Доктор хорошо знал старого Бразоса с конюшни. Когда этот закоренелый бандит первый раз попал в Рафтер, именно он залечил его сильно воспаленную рану на ноге и никому не сказал ни слова. Клэгг симпатизировал закаленному невзгодами старику и сам, в свою очередь, пользовался его расположением.

Набивая трубку табаком, он пришел к выводу, что стоит поговорить с Бразосом, поскольку мало что могло произойти в городе такого, о чем не знал бы конюх. Лайна Теннисон — его гостья, и он обязан ее защитить.

За свои услуги доктор никогда не брал свыше установленной платы и всегда отказывался принимать гонорар золотом. Его принципиальность в этом вопросе была общеизвестна, и никто не пытался настаивать.

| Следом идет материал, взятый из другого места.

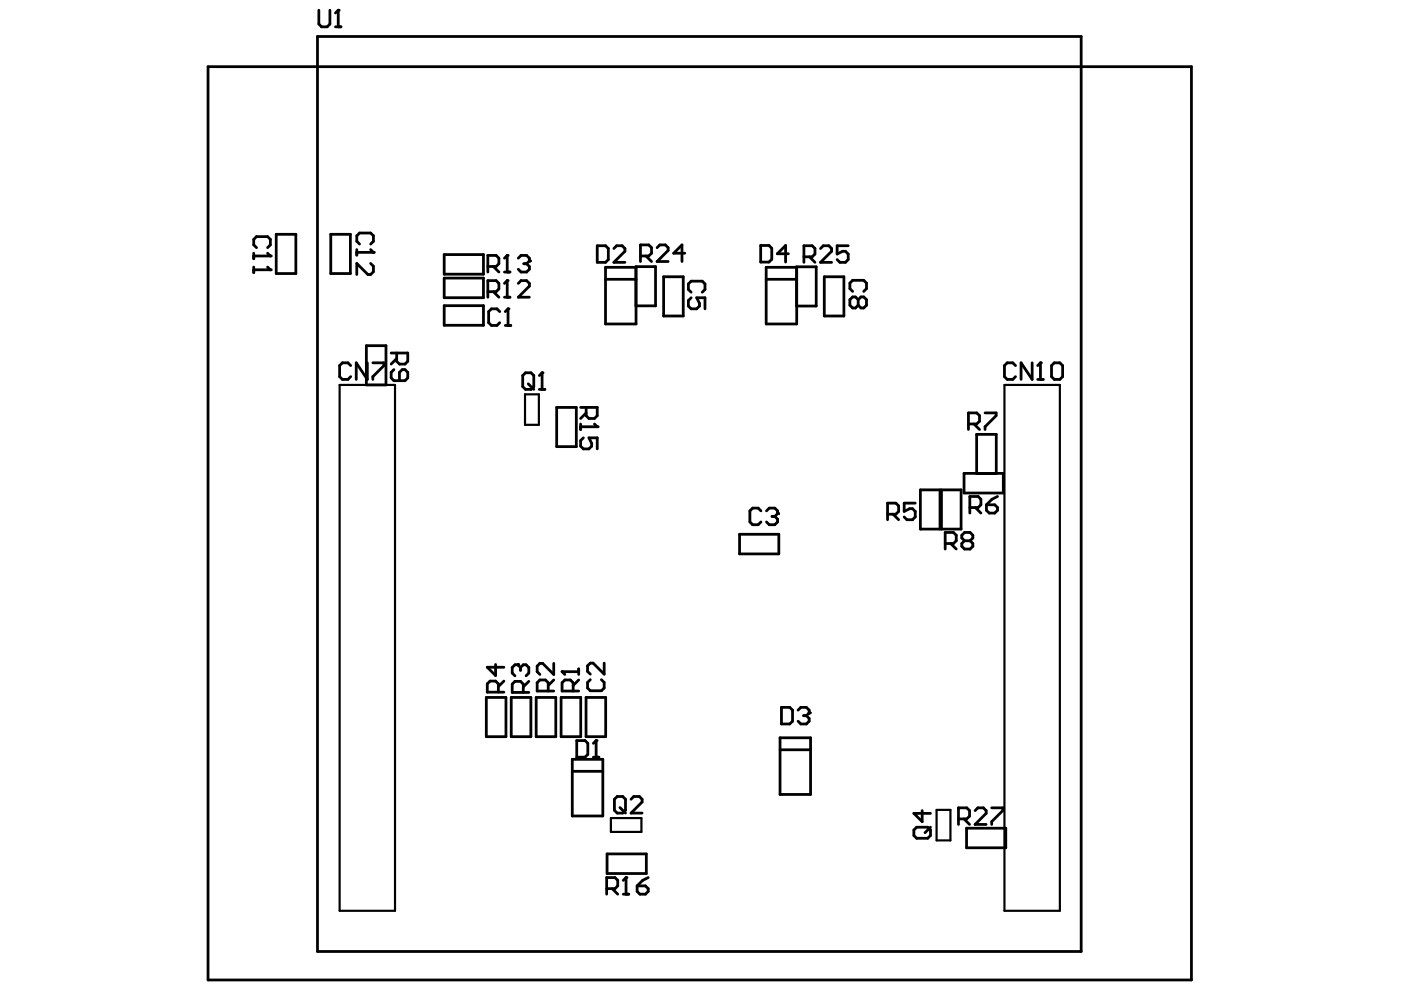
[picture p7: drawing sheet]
<svg xmlns="http://www.w3.org/2000/svg" width="297mm" height="210mm" viewBox="0 0 297 210" stroke-linecap="round" stroke-linejoin="round" font-family="sans-serif">
<path d="M72 81.6h11.8v111.5h-11.8zM111.3 83.6h2.9v6.5h-2.9zM213 81.6h11.7v111.5h-11.7zM129.5 173.5h6.5v2.9h-6.5zM198.6 171.7h2.9v6.5h-2.9z" fill="none" stroke="#000" stroke-width=".46"/>
<g fill="none" stroke="#000" stroke-width=".59">
<path d="M44.1 14.1h208.5v193.7h-208.5zM67.3 7.7h161.9v194h-161.9zM67.6 2.2v2.9l.6 .6h1.2l.5-.6v-2.9M71.1 5.7h1.2M71.1 2.8l.6-.6v3.5M53.8 53.7v1.2M53.8 56.6v1.2M54.4 52.5l-.6-.6v-1.1l.6-.6h2.3l.6 .6v1.1l-.6 .6M56.7 53.7l.6 .6h-3.5M56.7 56.6l.6 .6h-3.5M58.6 49.7h4.1v8.3h-4.1zM70.1 49.7h4.2v8.3h-4.2z"/>
<path d="M75.6 52.9v1.2M76.2 51.8l-.6-.6v-1.2l.6-.6h2.4l.6 .6v1.2l-.6 .6M78.6 55.9l.6 .5v1.2l-.6 .6h-.6l-2.4-2.3v2.3M78.6 52.9l.6 .6h-3.6M94.2 54h8.3v4.1h-8.3zM94.2 59h8.3v4.1h-8.3zM103.4 56.5h1.8l.6-.6v-1.2l-.6-.5h-1.8v3.5M104.6 56.5l1.2 1.2M107 54.7l.5-.5v3.5M107 57.7h1.1M109.9 54.7l.6-.5h1.1l.6 .5v.6l-.6 .6M111.1 55.9h.5"/>
<path d="M111.6 55.9l.6 .6v.6l-.6 .6h-1.1l-.6-.6M126.6 52.1h1.8l.6 .6v2.3l-.6 .6h-1.8zM128.4 59.2h6.5M130.1 52.7l.6-.6h1.2l.6 .6v.6l-2.4 2.3h2.4M134.9 56.7h-6.5v12h6.5l-.1-12.2h4.2v8.4h-4.2M135.8 54.3h1.8l.5-.6v-1.2l-.5-.6h-1.8v3.5M137 54.3l1.1 1.1M139.3 52.5l.6-.6h1.2l.6 .6v.6l-2.4 2.3h2.4M140.7 58.7h4.2v8.3h-4.2zM145.2 53.7h-2.4l1.8-1.8v3.5M161.3 52h1.7l.6 .6v2.4l-.6 .6h-1.7zM162.4 56.7h6.5v12h-6.5z"/>
<path d="M162.4 59.2h6.5M167.2 53.8h-2.4l1.8-1.8v3.6M168.9 56.6h4.2v8.3h-4.2zM170.4 54.5h1.8l.6-.6v-1.2l-.6-.6h-1.8v3.5M171.6 54.5l1.2 1.1M174 52.7l.6-.6h1.1l.6 .6v.6l-2.3 2.3h2.3M174.8 58.7h4.1v8.3h-4.1zM179.8 52.1h-2.3v1.8l1.2-.6h.5l.6 .6v1.1l-.6 .6h-1.1l-.6-.6M74.4 77.5l-.6-.6h-1.2l-.6 .6v2.4l.6 .5h1.2l.6-.5M77.7 73.3h4.1v8.3h-4.1zM77.9 76.9v3.5l-2.4-3.5v3.5M79.1 76.9h2.3v.6l-2.3 2.4v.5"/>
<path d="M82.9 74.8h3.6v1.8l-.6 .6h-1.2l-.6-.6v-1.8M83.5 78.4l-.6 .6v1.1l.6 .6h2.4l.6-.6v-1.1l-.6-.6h-.6l-.6 .6v1.7M84.1 76l-1.2 1.2M94.2 64.8h8.3v4.2h-8.3zM103.4 61.8h1.8l.6-.5v-1.2l-.6-.6h-1.8v3.5M104.6 61.8l1.2 1.2M106 66.1l-.6-.6h-1.2l-.6 .6v2.3l.6 .6h1.2l.6-.6M107 60.1l.5-.6v3.5M107 63h1.1M107.1 69h1.2M107.1 66.1l.6-.6v3.5M109.9 60.1l.6-.6h1.1l.6 .6v.6l-2.3 2.3h2.3"/>
<path d="M110.8 79.6l.6-.6h1.2l.6 .6v2.4l-.6 .6h-1.2l-.6-.6zM114.4 79.6l.5-.6v3.6M146.5 63.1l-.6 .6v1.2l.6 .6h1.2l.6-.6v-.6l-.6-1.2h1.8v2.4M146.5 62l-.6-.6v-1.2l.6-.6h2.4l.6 .6v1.2l-.6 .6M180.8 61.8l-.6-.6v-1.2l.6-.6h2.3l.6 .6v1.2l-.6 .6M182 63.5l.5-.5h.6l.6 .5v1.2l-.6 .6h-.6l-.5-.6M182 63.5l-.6-.5h-.6l-.6 .5v1.2l.6 .6h.6l.6-.6M182 63.5v1.2M215.3 77.5l-.6-.6h-1.1l-.6 .6v2.4l.6 .5h1.1l.6-.5M218.8 76.9v3.5l-2.3-3.5v3.5M220 77.5l.6-.6v3.5M222.9 77.5l.6-.6h1.2l.6 .6v2.4l-.6 .5h-1.2l-.6-.5z"/>
<path d="M112 81.4l1.2 1.2M114.4 82.6h1.1M118 86.4h4.2v8.3h-4.2zM123.1 86.4h3.5v1.7l-.6 .6h-1.1l-.6-.6v-1.7M123.1 89.9v1.2M123.7 92.8l-.6 .6v1.2l.6 .6h1.2l.6-.6v-.6l-.6-1.2h1.7v2.4M124.3 87.6l-1.2 1.1M126 89.9l.6 .6h-3.5M205.3 89.9h1.8l.6-.6v-1.2l-.6-.6h-1.8v3.6M206.5 89.9l1.2 1.2M208.9 87.5h2.3v.6l-2.3 2.4v.6M220 80.4h1.2"/>
<path d="M156.8 113.3h8.3v4.1h-8.3zM161.3 108.3l-.6-.6h-1.1l-.6 .6v2.4l.6 .6h1.1l.6-.6M162.5 108.3l.6-.6h1.2l.6 .6v.6l-.6 .6M163.7 109.5h.6M164.3 109.5l.6 .6v.6l-.6 .6h-1.2l-.6-.6M188.2 109h1.7l.6-.6v-1.1l-.6-.6h-1.7v3.5M189.4 109l1.1 1.2M194 106.7h-2.3v1.7l1.2-.6h.6l.5 .6v1.2l-.5 .6h-1.2l-.6-.6M195.1 103.9h4.2v8.3h-4.2zM199.6 103.9h4.2v8.3h-4.2zM200.4 115.2h1.8l.5-.5v-1.2l-.5-.6h-1.8v3.5M201.6 115.2l1.1 1.2"/>
<path d="M204.4 100.4h8.3v4.1h-8.3zM204.5 114.7l-.6-.6v-.6l.6-.6h1.2l.6 .6v.6l-.6 .6M204.5 114.7l-.6 .5v.6l.6 .6h1.2l.6-.6v-.6l-.6-.5M204.5 114.7h1.2M205.6 107.6h1.8l.6-.6v-1.1l-.6-.6h-1.8v3.5M206.8 107.6l1.2 1.2M207.1 100.4v-8.3h4.1v8.3M209.1 107h1.8l.6 .6v.6l-.6 .6h-1.2l-.6-.6zM211.5 105.3l-1.2 .6-1.2 1.1M103.1 147.9h4.2v8.3h-4.2zM105.1 140.9v2.3l-1.8-1.7h3.5M105.7 146.8v-1.8l-.6-.6h-1.2l-.6 .6v1.8h3.5"/>
<path d="M106.8 144.4l-1.1 1.2M108.4 147.9h4.2v8.3h-4.2zM110.4 141.5l-.6-.6h-.6l-.6 .6v1.2l.6 .6M110.4 141.5l.5-.6h.6l.6 .6v1.2l-.6 .6M110.4 141.5v.6M110.9 146.8v-1.7l-.5-.6h-1.2l-.6 .6v1.7h3.5M112.1 144.5l-1.2 1.1M113.7 147.9h4.1v8.3h-4.1zM116.2 146.5v-1.7l-.6-.6h-1.1l-.6 .6v1.7h3.5M117.4 140.7v2.3l-2.3-2.3h-.6l-.6 .5v1.2l.6 .6M117.4 144.2l-1.2 1.1M119 147.9h4.1v8.3h-4.1z"/>
<path d="M121.5 146.5v-1.7l-.6-.6h-1.1l-.6 .6v1.7h3.5M122.3 157h1.7l.6 .6v2.4l-.6 .5h-1.7zM122.7 142.4h-3.5l.6 .6M122.7 144.2l-1.2 1.1M122.7 141.8v1.2M124.3 147.9h4.1v8.3h-4.1zM125.2 144.1l-.6 .6v1.2l.6 .6h2.3l.6-.6v-1.2l-.6-.6M125.8 157.6l.6-.6v3.5M128.1 140.6v2.3l-2.4-2.3h-.5l-.6 .6v1.2l.6 .5M165.4 156.4h6.5v12h-6.5zM165.4 159h6.5M165.7 150h1.7l.6 .6v2.3l-.6 .6h-1.7z"/>
<path d="M169.2 150.6l.6-.6h1.2l.6 .6v.6l-.6 .5M170.4 151.7h.6M171 151.7l.6 .6v.6l-.6 .6h-1.2l-.6-.6M121.3 161h6.5v12h-6.5zM121.3 163.5h6.5M125.8 160.5h1.2M130.3 169.5l.6-.6h1.1l.6 .6v2.3l-.6 .6h-1.1l-.6-.6zM131.4 171.2l1.2 1.2M133.8 169.5l.6-.6h1.2l.5 .6v.5l-2.3 2.4h2.3M193.8 176l.5-.6h2.4l.6 .6v1.1l-.6 .6h-2.4l-.5-.6zM195.5 171.9v2.3l-1.7-1.7h3.5M197.3 175.4l-1.2 1.2"/>
<path d="M203.2 173.6h1.8l.6-.6v-1.1l-.6-.6h-1.8v3.5M204.4 173.6l1.2 1.2M204.9 175.6h8.3v4.2h-8.3zM206.7 171.9l.6-.6h1.2l.6 .6v.6l-2.4 2.3h2.4M210.3 171.3h2.3v.6l-2.3 2.3v.6M128.6 188.4h1.8l.6-.6v-1.1l-.6-.6h-1.8v3.5M128.7 181h8.3v4.2h-8.3zM129.8 188.4l1.2 1.2M132.1 186.7l.6-.6v3.5M132.1 189.6h1.2M135.1 187.8h1.7l.6 .6v.6l-.6 .6h-1.1l-.6-.6zM137.4 186.1l-1.1 .6-1.2 1.1"/>
</g>
<g fill="#000">
<circle cx="71.7" cy="2.2" r=".29"/>
<circle cx="57.3" cy="54.3" r=".29"/>
<circle cx="57.3" cy="57.2" r=".29"/>
<circle cx="79.2" cy="53.5" r=".29"/>
<circle cx="107.5" cy="54.2" r=".29"/>
<circle cx="107.5" cy="59.5" r=".29"/>
<circle cx="112.2" cy="55.3" r=".29"/>
<circle cx="107.7" cy="65.5" r=".29"/>
<circle cx="114.9" cy="79" r=".29"/>
<circle cx="220.6" cy="76.9" r=".29"/>
<circle cx="126.6" cy="90.5" r=".29"/>
<circle cx="164.9" cy="108.9" r=".29"/>
<circle cx="109.8" cy="140.9" r=".29"/>
<circle cx="119.2" cy="142.4" r=".29"/>
<circle cx="126.4" cy="157" r=".29"/>
<circle cx="171.6" cy="151.2" r=".29"/>
<circle cx="132.7" cy="186.1" r=".29"/>
</g>
</svg>

Возможно, и уважали за это. Или просто город нуждался во враче? Не исключается и то, что он родственник Мерриэма Клэгга, который пользовался в Рафтере определенным влиянием.

Конечно, существовала и более земная причина. Доктор Руперт был не из болтливых — все в городе знали об этом. Но как поведут себя люди, если раскроется, что Лайна Теннисон как-то связана с Солнечными Россыпями?

Все возникшие у него вопросы не давали покоя, пока он курил трубку. К концу вечера одно ему стало совершенно ясно: его гостья в опасности.

Сколько же в Рафтере морально разложившихся жителей опустилось настолько, что готовы обидеть молодую девушку? Согласны даже на ее убийство? Закроют ли они на это глаза? Сколько их, готовых отпустить грех любому бандиту, лишь бы сохранить свое положение?

Он выбил трубку и перешел в другую часть комнаты, туда, где стояло на полке оружие, тщательно осмотрел каждую винтовку, потом взял свой армейский кольт, проверил барабан и засунул револьвер за пояс.

С этого дня Клэгг не расставался с оружием.